Sky Burial (detail) View full image

Mat Collishaw

Visual Artist

‘His art is lovely and vile. It is an art of our time and it hits true’

Jonathan Jones, The Guardian

‘The beautiful and the bloodthirsty, the cruel and the subtle, the pornographic and the spiritual, the alluring and the repulsive all meet in photos, films and sculptures that conjure up disturbingly mismatched responses’

Rachel Campbell-Johnston, The Times

Mat Collishaw came to public attention in the 1980s as part of the Young British Artists circle, alongside artists such as Damian Hurst and Tracy Emin, revolutionising the art world. He has since gone on to international acclaim with work that covers a wide variety of subject matters and media.

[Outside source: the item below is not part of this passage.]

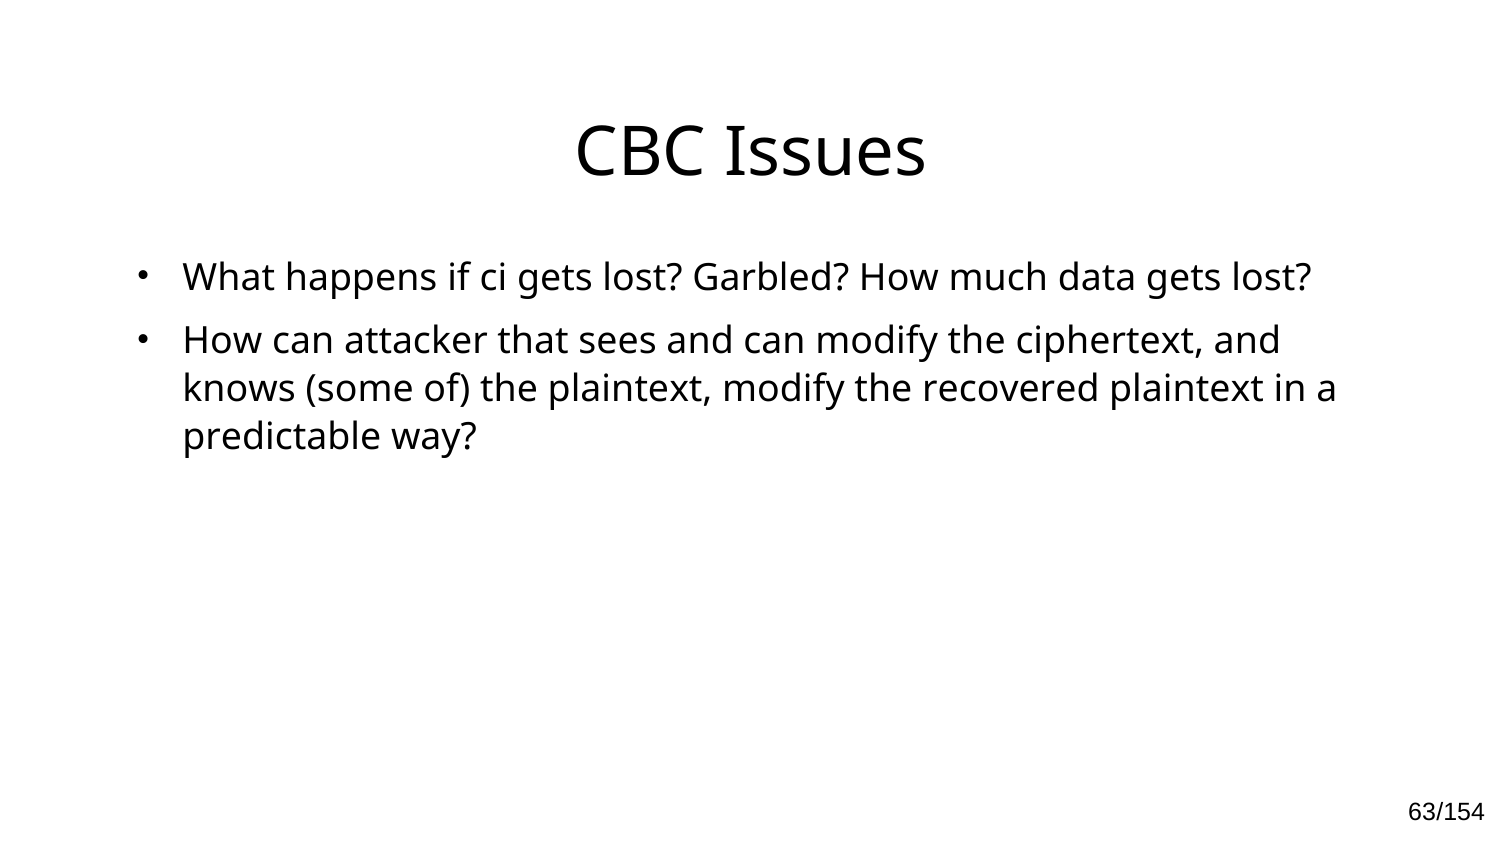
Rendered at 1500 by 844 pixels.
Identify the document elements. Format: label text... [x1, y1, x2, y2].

list What happens if ci gets lost? Garbled? How much data gets lost? How can attacker that sees and can modify the ciphertext, and knows (some of) the plaintext, modify the recovered plaintext in a predictable way? [121, 244, 1381, 768]
title CBC Issues [121, 78, 1381, 217]

His works have been exhibited in collections around the world including, Tate, Somerset House, Birmingham Museum and Art Gallery, Galleria Borghese, Rome, Bass Museum of Art, Florida, Galeria d’Arte Moderna, Bologna, Italy; Musée d’Art Moderne de la Ville, Paris and Brooklyn Museum, New York.

His most recent exhibitions include The Adoration of the Mystic Lamb, St Nicholas’ Church, Ghent, Belgium (2020–2021); Mat Collishaw, Djanogly Gallery, Lakeside Arts, Nottingham, UK (2020–2021) and The End of Innocence, Fundació Sorigué, Lleida (2019–2020).

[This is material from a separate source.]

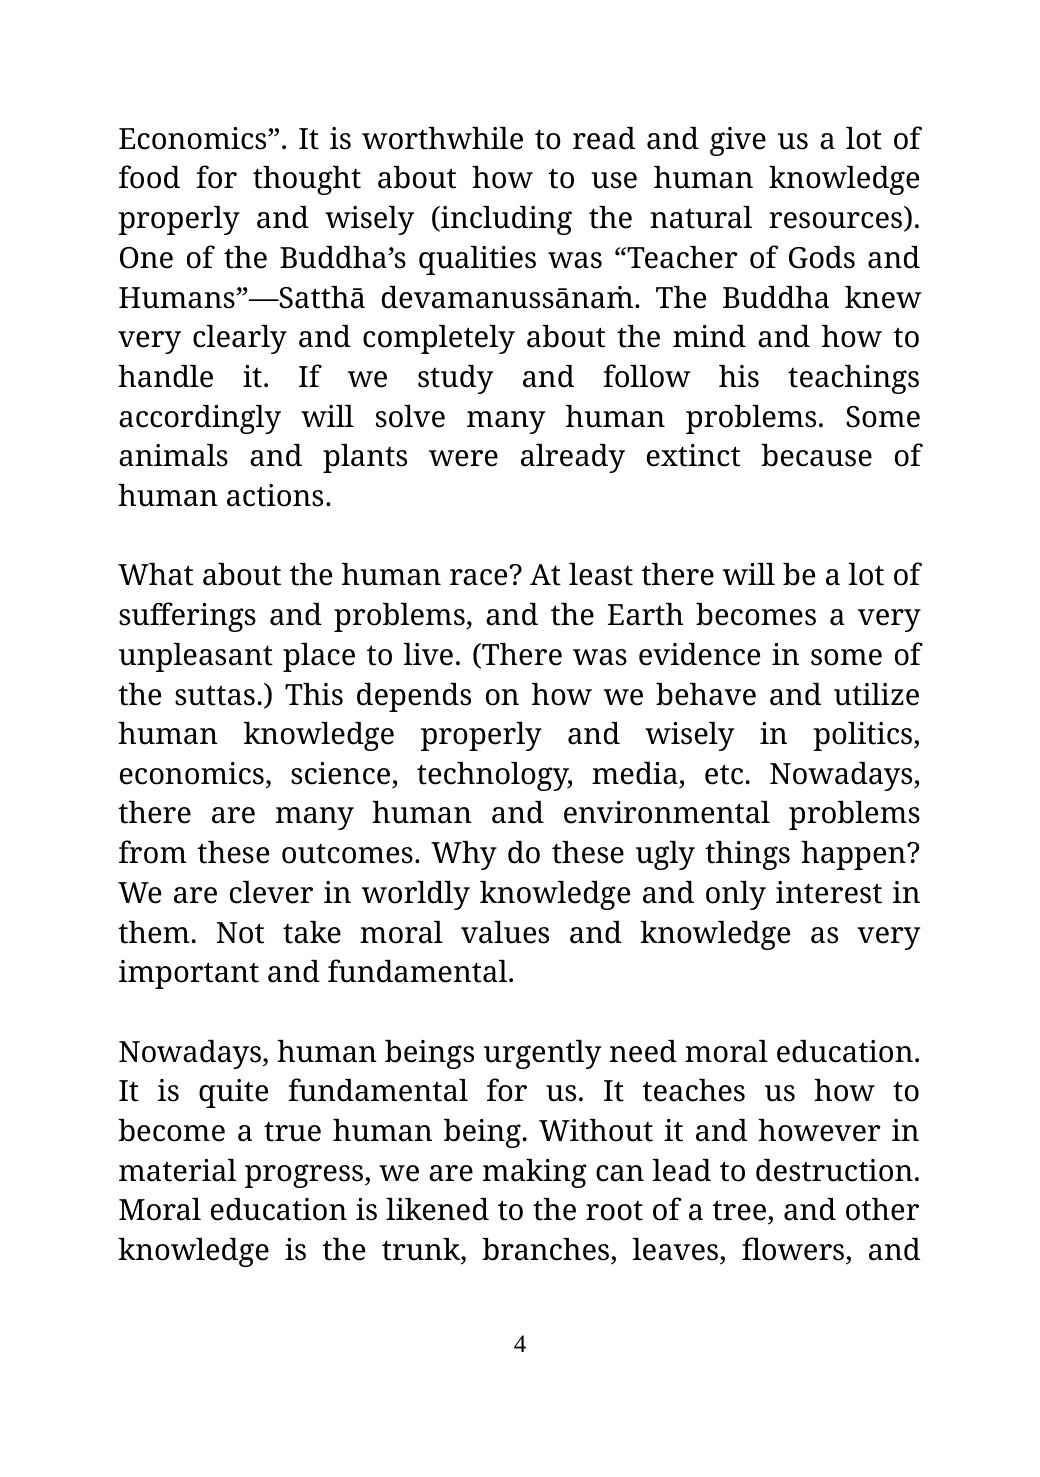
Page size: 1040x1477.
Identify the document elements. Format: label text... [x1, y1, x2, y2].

text Economics”. It is worthwhile to read and give us a lot of food for thought about how to use human knowledge properly and wisely (including the natural resources). One of the Buddha’s qualities was “Teacher of Gods and Humans”—Satthā devamanussānaṁ. The Buddha knew very clearly and completely about the mind and how to handle it. If we study and follow his teachings accordingly will solve many human problems. Some animals and plants were already extinct because of human actions. What about the human race? At least there will be a lot of sufferings and problems, and the Earth becomes a very unpleasant place to live. (There was evidence in some of the suttas.) This depends on how we behave and utilize human knowledge properly and wisely in politics, economics, science, technology, media, etc. Nowadays, there are many human and environmental problems from these outcomes. Why do these ugly things happen? We are clever in worldly knowledge and only interest in them. Not take moral values and knowledge as very important and fundamental. Nowadays, human beings urgently need moral education. It is quite fundamental for us. It teaches us how to become a true human being. Without it and however in material progress, we are making can lead to destruction. Moral education is likened to the root of a tree, and other knowledge is the trunk, branches, leaves, flowers, and [118, 118, 922, 1269]

He recently turned his attention to working with classical music with Sky Burial, a powerful meditation on man’s relationships with both death and nature, which is accompanied by a live performance of Fauré’s Requiem.

Images from Sky Burial

‘Art is there to engage with you and to make you think and feel things. Classical music, like a lot of art that was made before the 20th century, gets put into the zone of being something that socially sophisticated people do as a recreation, and not something that’s alive, revolutionary and life changing. And yet, classical music has the capacity to move and transform people like no other music. When you’re in a concert hall with an 80-piece orchestra and a 60-piece choir, it’s so powerful to have those vibrations resonating through you. If I can create something on top of that, that takes people to another place, I hope it can be an extremely powerful artistic tool and it might make classical music more inviting for people who wouldn’t normally go.’